* Records to use
====

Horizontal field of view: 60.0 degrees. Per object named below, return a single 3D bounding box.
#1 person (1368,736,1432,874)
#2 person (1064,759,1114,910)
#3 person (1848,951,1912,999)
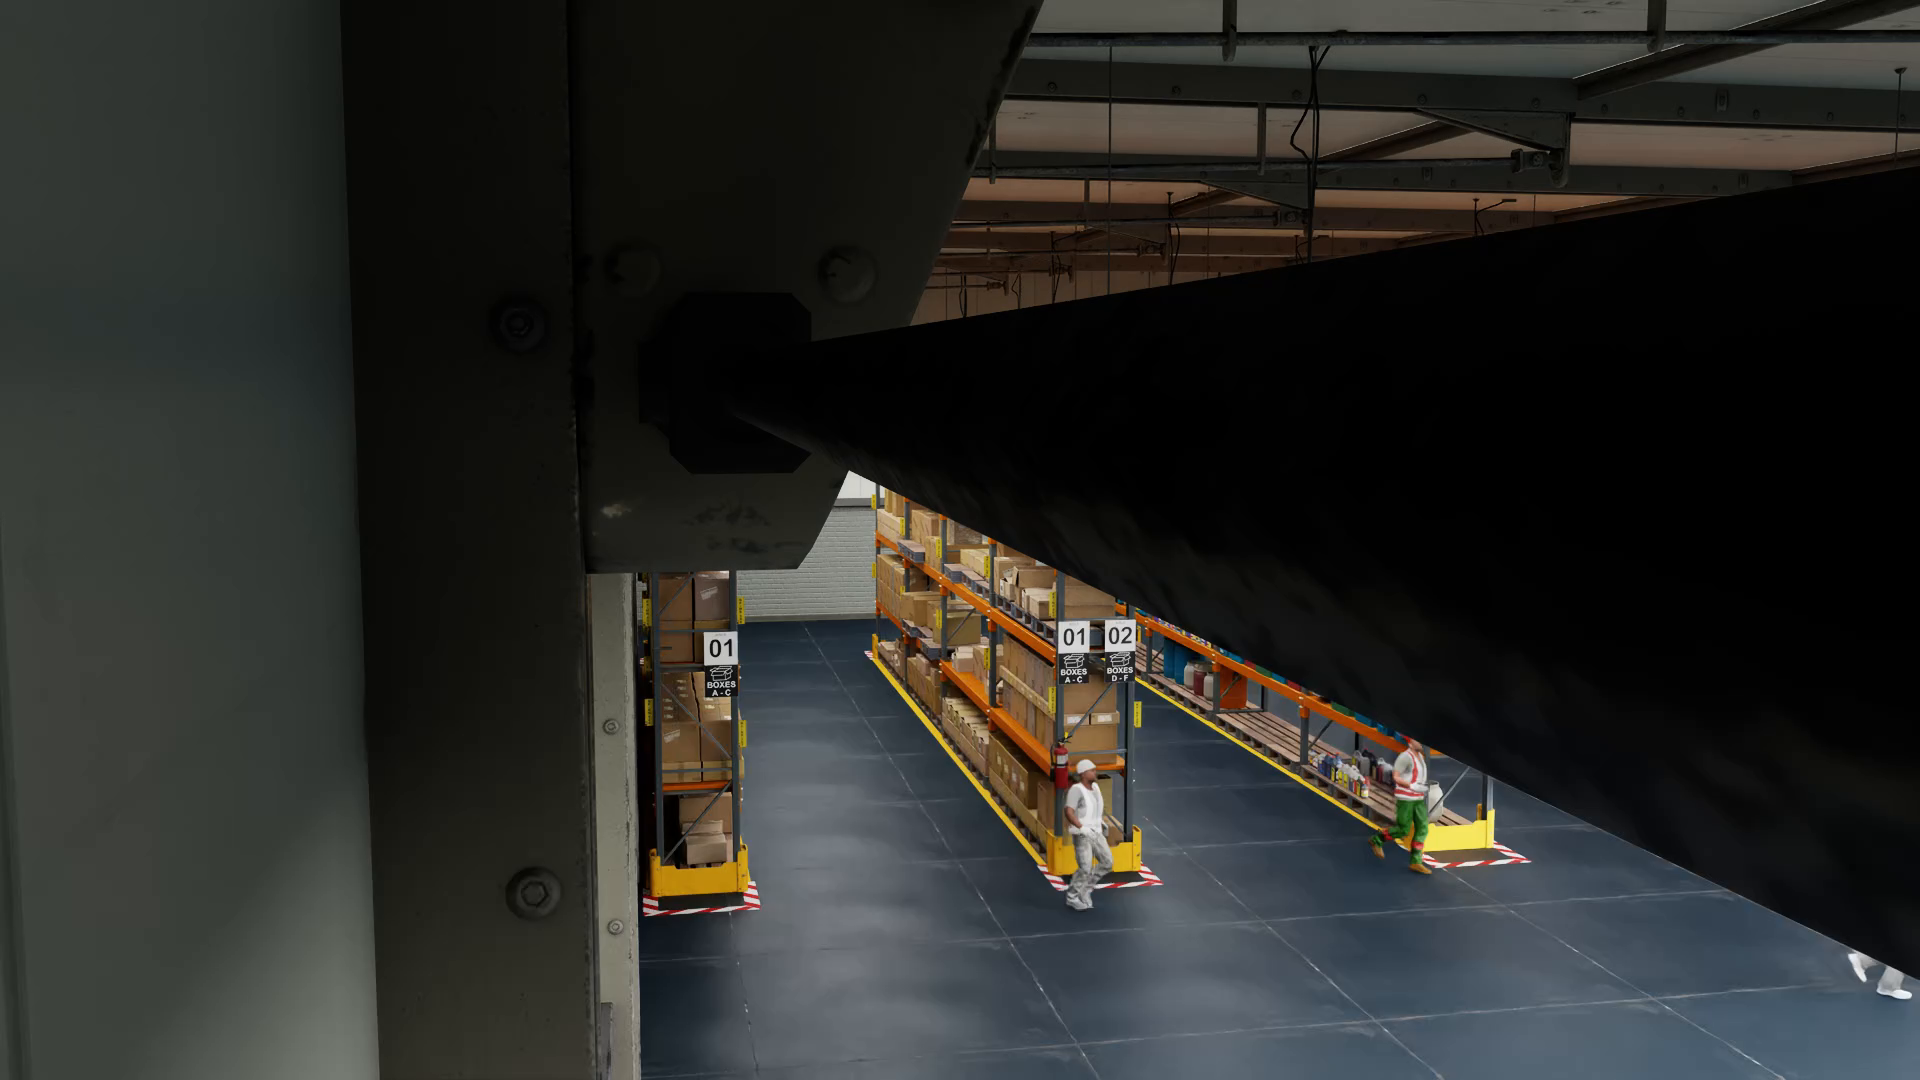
[{"bbox_3d":[5.682,3.289,21.151,0.669,1.779,0.854,-6,8,-44],"label":"person"},{"bbox_3d":[1.540,3.462,19.581,0.574,1.728,0.747,5,8,41],"label":"person"},{"bbox_3d":[9.349,3.803,16.806,0.590,1.627,0.595,1,6,14],"label":"person"}]
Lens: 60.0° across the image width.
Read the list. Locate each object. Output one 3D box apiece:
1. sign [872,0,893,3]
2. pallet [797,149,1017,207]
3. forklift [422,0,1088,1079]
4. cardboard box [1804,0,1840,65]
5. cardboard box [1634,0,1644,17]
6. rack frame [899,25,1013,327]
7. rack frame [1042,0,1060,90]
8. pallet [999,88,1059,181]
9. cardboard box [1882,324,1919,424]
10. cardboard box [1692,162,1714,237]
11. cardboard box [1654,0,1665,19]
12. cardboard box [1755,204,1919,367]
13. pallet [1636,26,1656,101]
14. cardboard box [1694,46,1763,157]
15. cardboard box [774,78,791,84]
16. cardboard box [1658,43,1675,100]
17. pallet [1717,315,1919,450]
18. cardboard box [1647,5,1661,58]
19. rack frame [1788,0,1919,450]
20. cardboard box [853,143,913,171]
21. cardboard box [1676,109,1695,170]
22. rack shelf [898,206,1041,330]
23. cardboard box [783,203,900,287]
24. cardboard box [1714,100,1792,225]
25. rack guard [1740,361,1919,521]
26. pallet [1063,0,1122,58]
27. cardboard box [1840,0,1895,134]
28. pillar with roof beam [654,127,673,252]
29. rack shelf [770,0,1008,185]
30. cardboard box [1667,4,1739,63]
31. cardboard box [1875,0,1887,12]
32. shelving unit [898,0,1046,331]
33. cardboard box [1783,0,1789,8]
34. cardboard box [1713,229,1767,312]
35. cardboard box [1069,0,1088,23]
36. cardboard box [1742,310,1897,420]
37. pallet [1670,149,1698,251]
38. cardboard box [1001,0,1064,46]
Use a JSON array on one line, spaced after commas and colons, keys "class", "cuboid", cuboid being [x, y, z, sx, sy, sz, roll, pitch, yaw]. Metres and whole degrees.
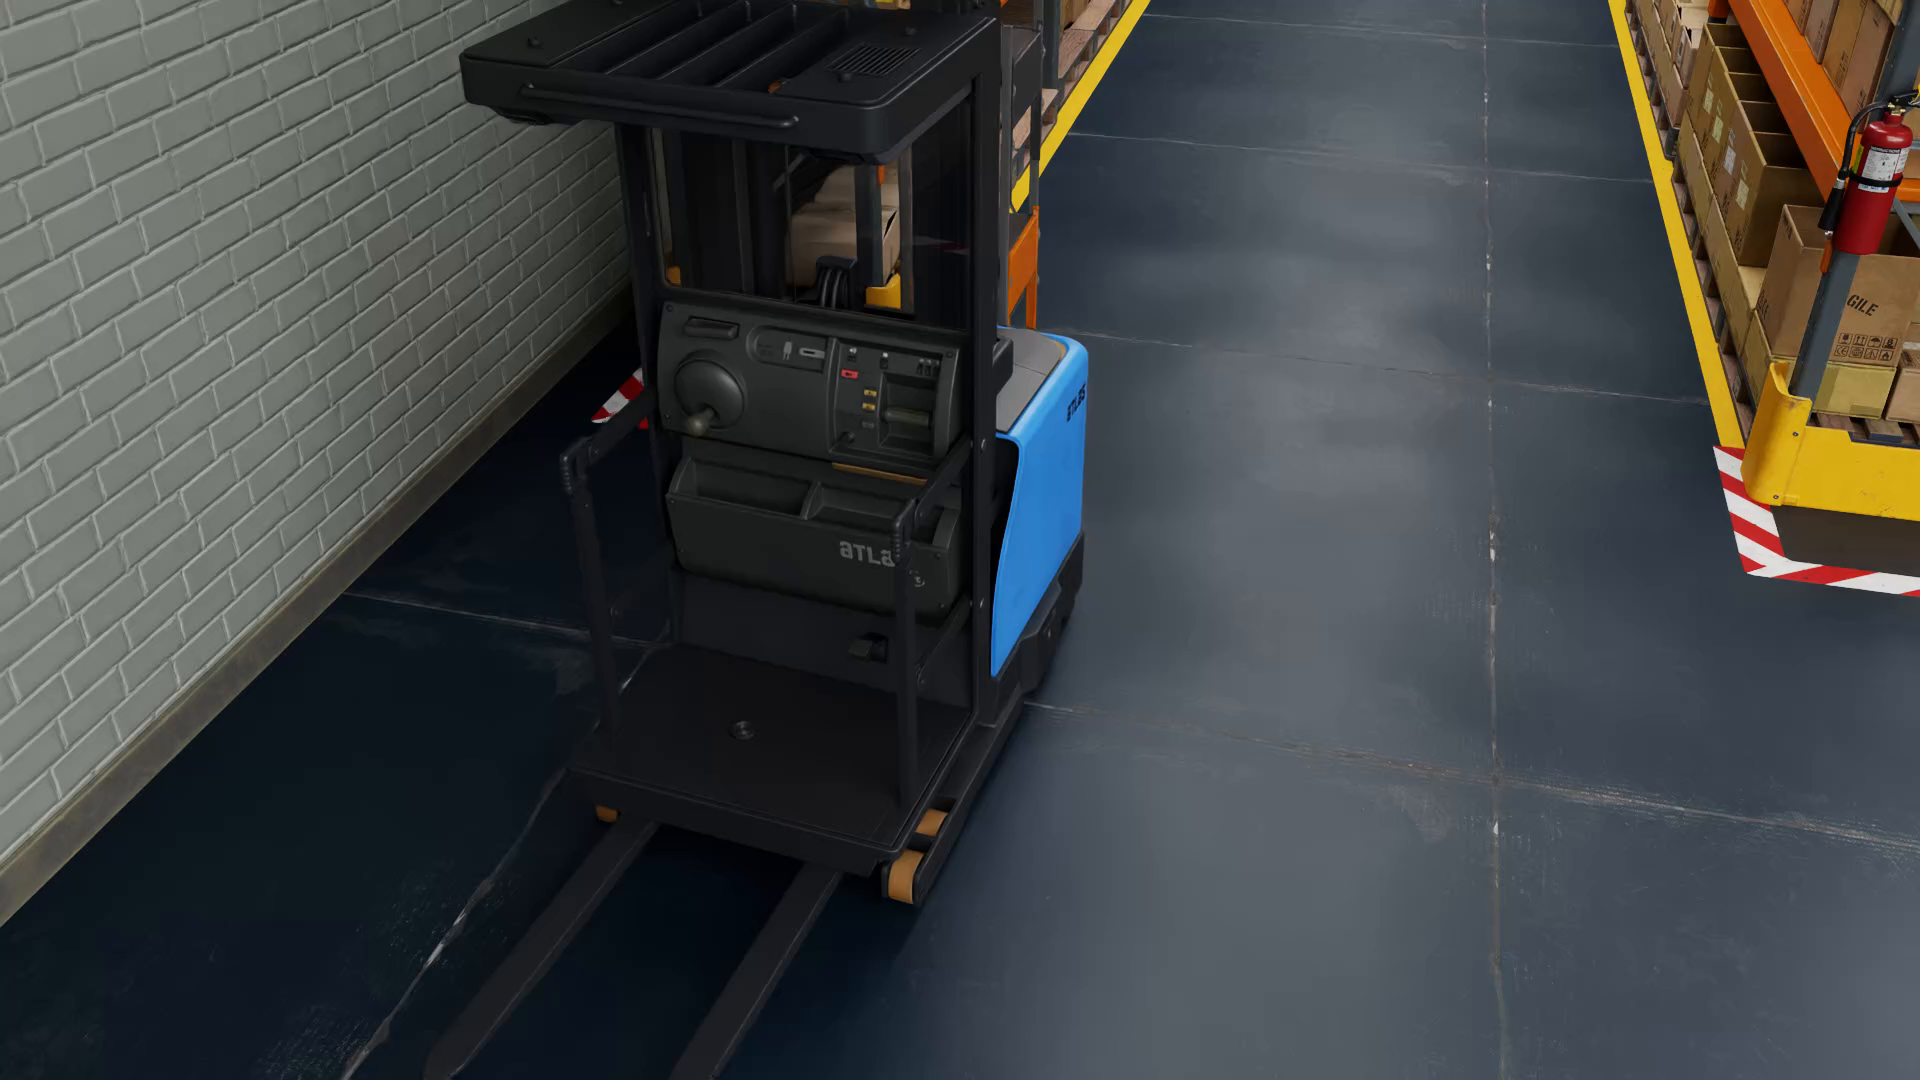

====

* Activity
Would you restate the listing word for word and leave every picture out?

* Task output
Horizontal field of view: 60.0 degrees. Per object named below, return a single 3D bounding box.
#1 person (1368,736,1432,874)
#2 person (1064,759,1114,910)
#3 person (1848,951,1912,999)
[{"bbox_3d":[5.682,3.289,21.151,0.669,1.779,0.854,-6,8,-44],"label":"person"},{"bbox_3d":[1.540,3.462,19.581,0.574,1.728,0.747,5,8,41],"label":"person"},{"bbox_3d":[9.349,3.803,16.806,0.590,1.627,0.595,1,6,14],"label":"person"}]
Lens: 60.0° across the image width.
Read the list. Locate each object. Output one 3D box apiece:
1. sign [872,0,893,3]
2. pallet [797,149,1017,207]
3. forklift [422,0,1088,1079]
4. cardboard box [1804,0,1840,65]
5. cardboard box [1634,0,1644,17]
6. rack frame [899,25,1013,327]
7. rack frame [1042,0,1060,90]
8. pallet [999,88,1059,181]
9. cardboard box [1882,324,1919,424]
10. cardboard box [1692,162,1714,237]
11. cardboard box [1654,0,1665,19]
12. cardboard box [1755,204,1919,367]
13. pallet [1636,26,1656,101]
14. cardboard box [1694,46,1763,157]
15. cardboard box [774,78,791,84]
16. cardboard box [1658,43,1675,100]
17. pallet [1717,315,1919,450]
18. cardboard box [1647,5,1661,58]
19. rack frame [1788,0,1919,450]
20. cardboard box [853,143,913,171]
21. cardboard box [1676,109,1695,170]
22. rack shelf [898,206,1041,330]
23. cardboard box [783,203,900,287]
24. cardboard box [1714,100,1792,225]
25. rack guard [1740,361,1919,521]
26. pallet [1063,0,1122,58]
27. cardboard box [1840,0,1895,134]
28. pillar with roof beam [654,127,673,252]
29. rack shelf [770,0,1008,185]
30. cardboard box [1667,4,1739,63]
31. cardboard box [1875,0,1887,12]
32. shelving unit [898,0,1046,331]
33. cardboard box [1783,0,1789,8]
34. cardboard box [1713,229,1767,312]
35. cardboard box [1069,0,1088,23]
36. cardboard box [1742,310,1897,420]
37. pallet [1670,149,1698,251]
38. cardboard box [1001,0,1064,46]
Use a JSON array on one line, spaced after commas and colons, keys "class", "cuboid", cuboid being [x, y, z, sx, sy, sz, roll, pitch, yaw]. Metres and whole degrees.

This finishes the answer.